The sun was rising as we came out of the taiga, heading for the valley of the Olyei. As if we were leaving the night behind us deep inside that sleeping kingdom of pine trees, where the great owl glided through the silvery shadows, seeking a refuge for the daylight hours.

The red disk appeared from behind a cold veil and slowly replaced the gray and blue tones with shades of pink. Shaking off our nocturnal torpor, we began to talk, to exchange impressions of the last performance. But above all, to the point of exhaustion and of losing our voices, to imitate Belmondo…

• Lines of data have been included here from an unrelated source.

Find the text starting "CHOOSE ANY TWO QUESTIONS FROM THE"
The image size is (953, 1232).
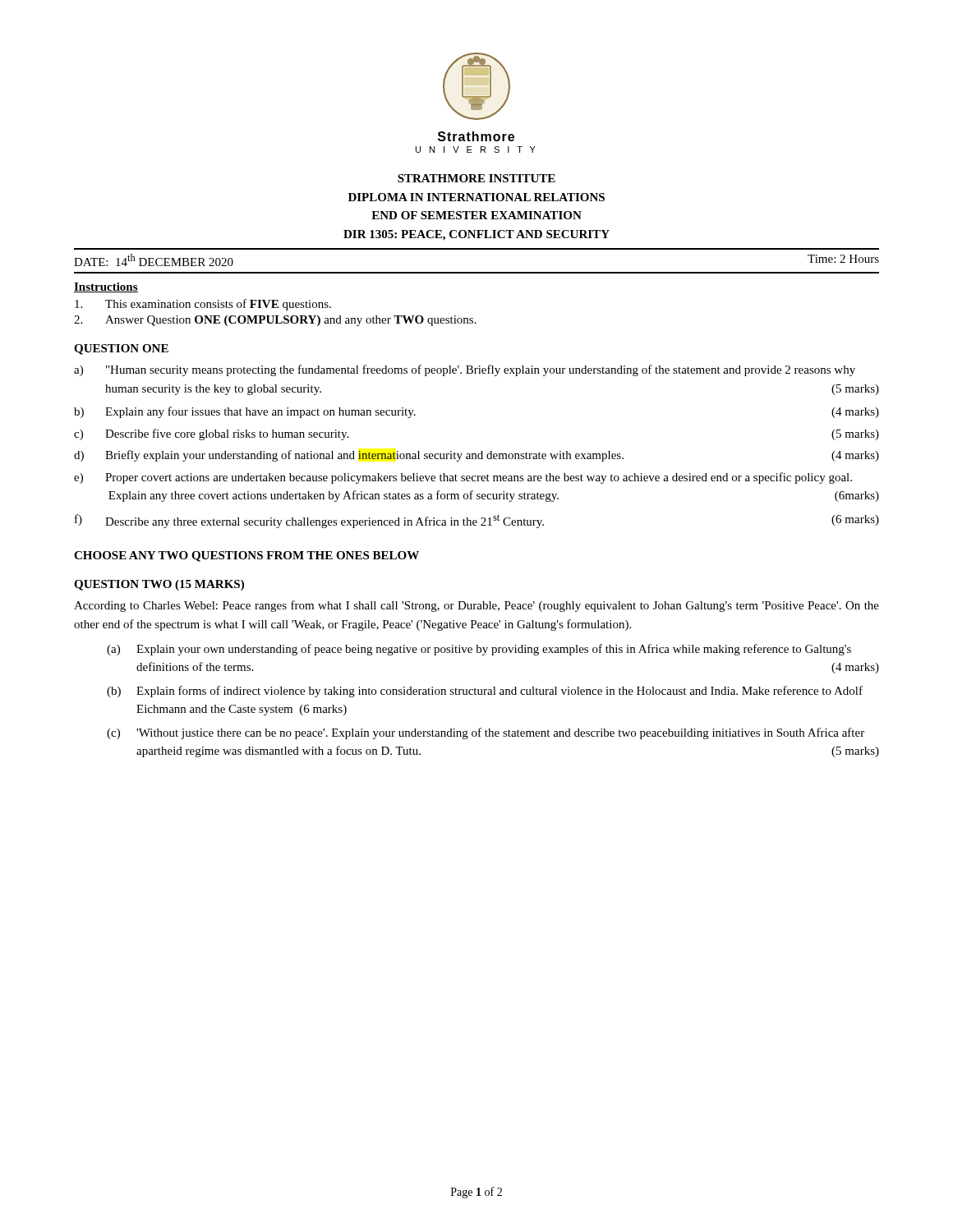pos(247,555)
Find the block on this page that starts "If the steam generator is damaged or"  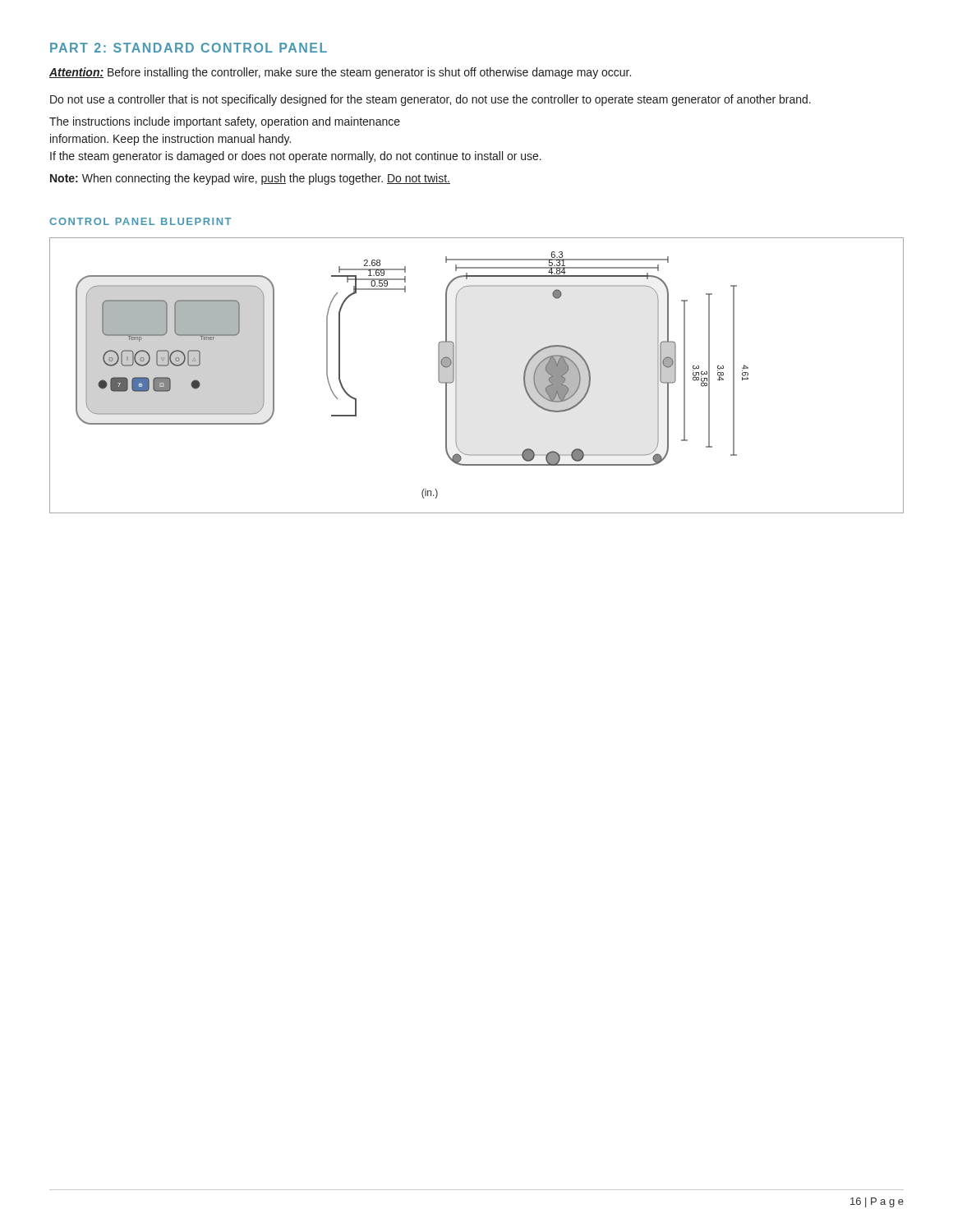pyautogui.click(x=296, y=156)
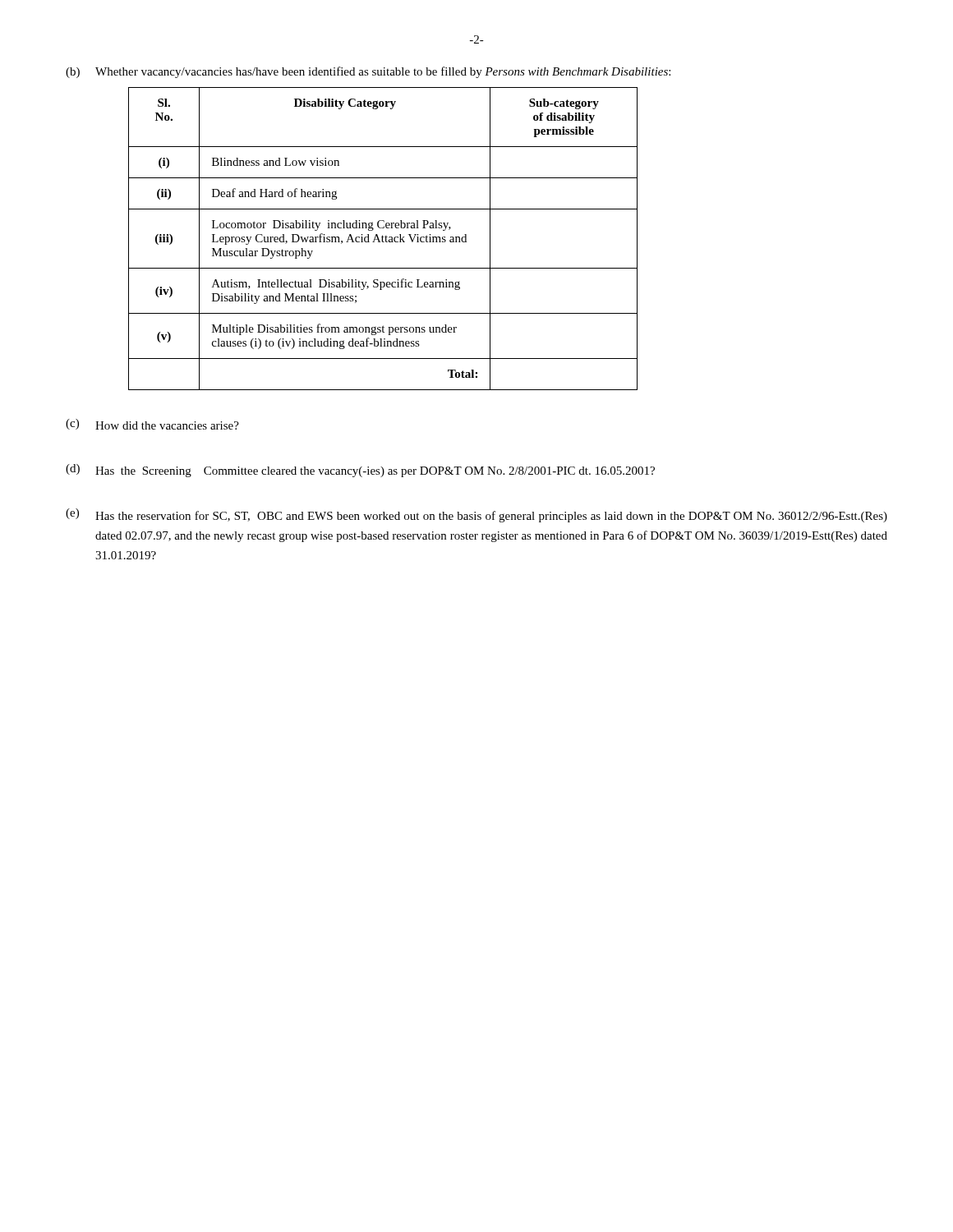Point to the text starting "(c) How did the vacancies arise?"
Image resolution: width=953 pixels, height=1232 pixels.
click(x=152, y=424)
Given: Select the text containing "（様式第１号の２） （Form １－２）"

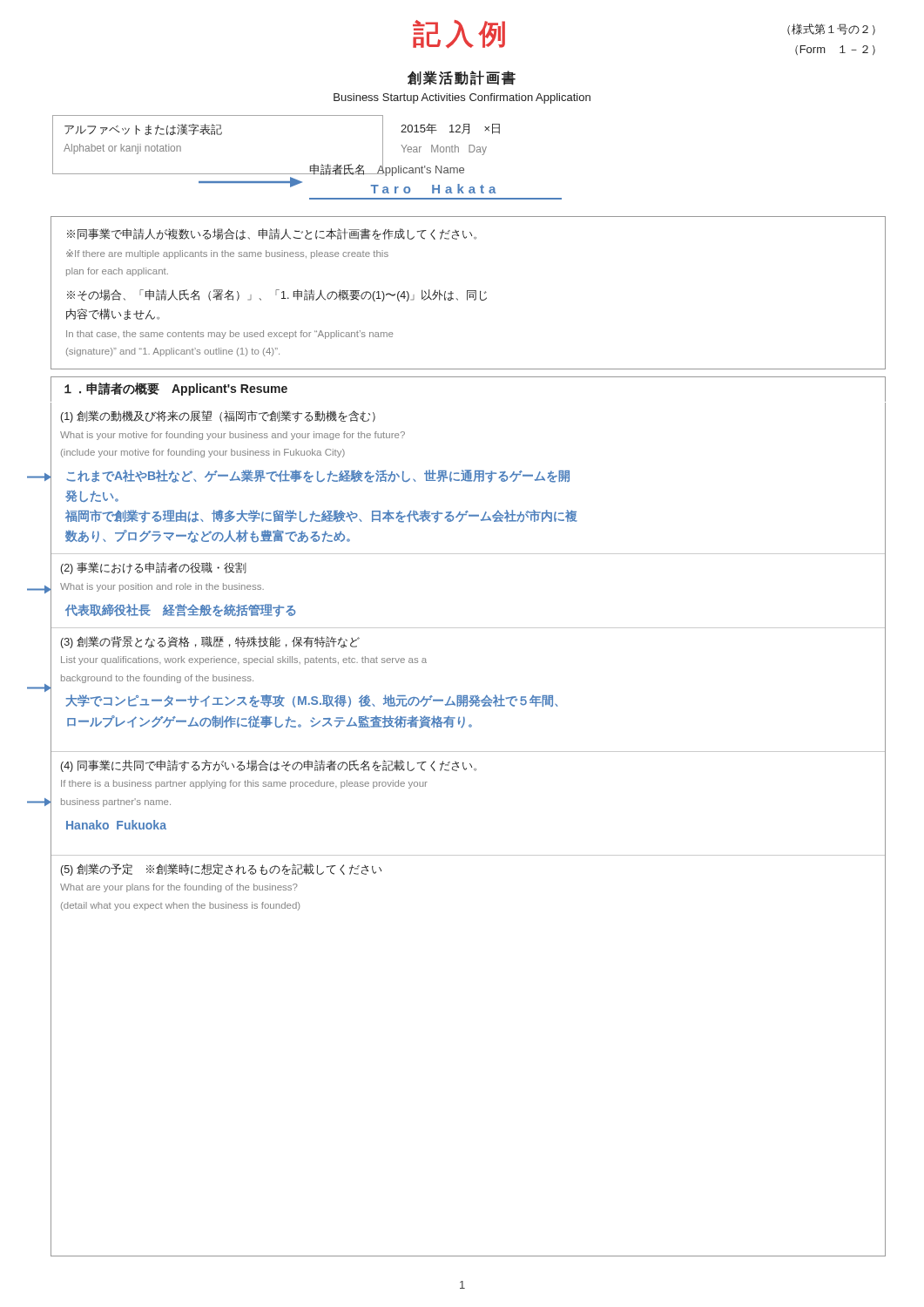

This time, on our sixteenth trip to see the film, Samurai went ahead of us a little, striking out with long strides over the plain, whose smooth mauve surface was so inviting. I stopped to wait for Utkin. As he left the shadows of the forest and emerged onto this great, luminous space, he swung around the tip of a small pine tree buried under the snow and came to join me.

His gaze always used to make me feel a bit uneasy. The mixture of jealousy, despair, and resignation with which he surveyed my face…

This time there was none of it. Dragging his injured leg, he came up to me, his right shoulder pointing toward the sky, and smiled. He looked at me squarely like an equal, with neither bitterness nor jealousy. His duckling's gait seemed no longer to preoccupy him. I was struck by the serenity of his face. As I set off again, I told myself that I had been seeing these calm and somehow wiser eyes for some time now. I slowed my speed somewhat, allowing myself to be overtaken. Replying absentmindedly to the remarks of my companions, I began to think about the mystery surrounding Utkin.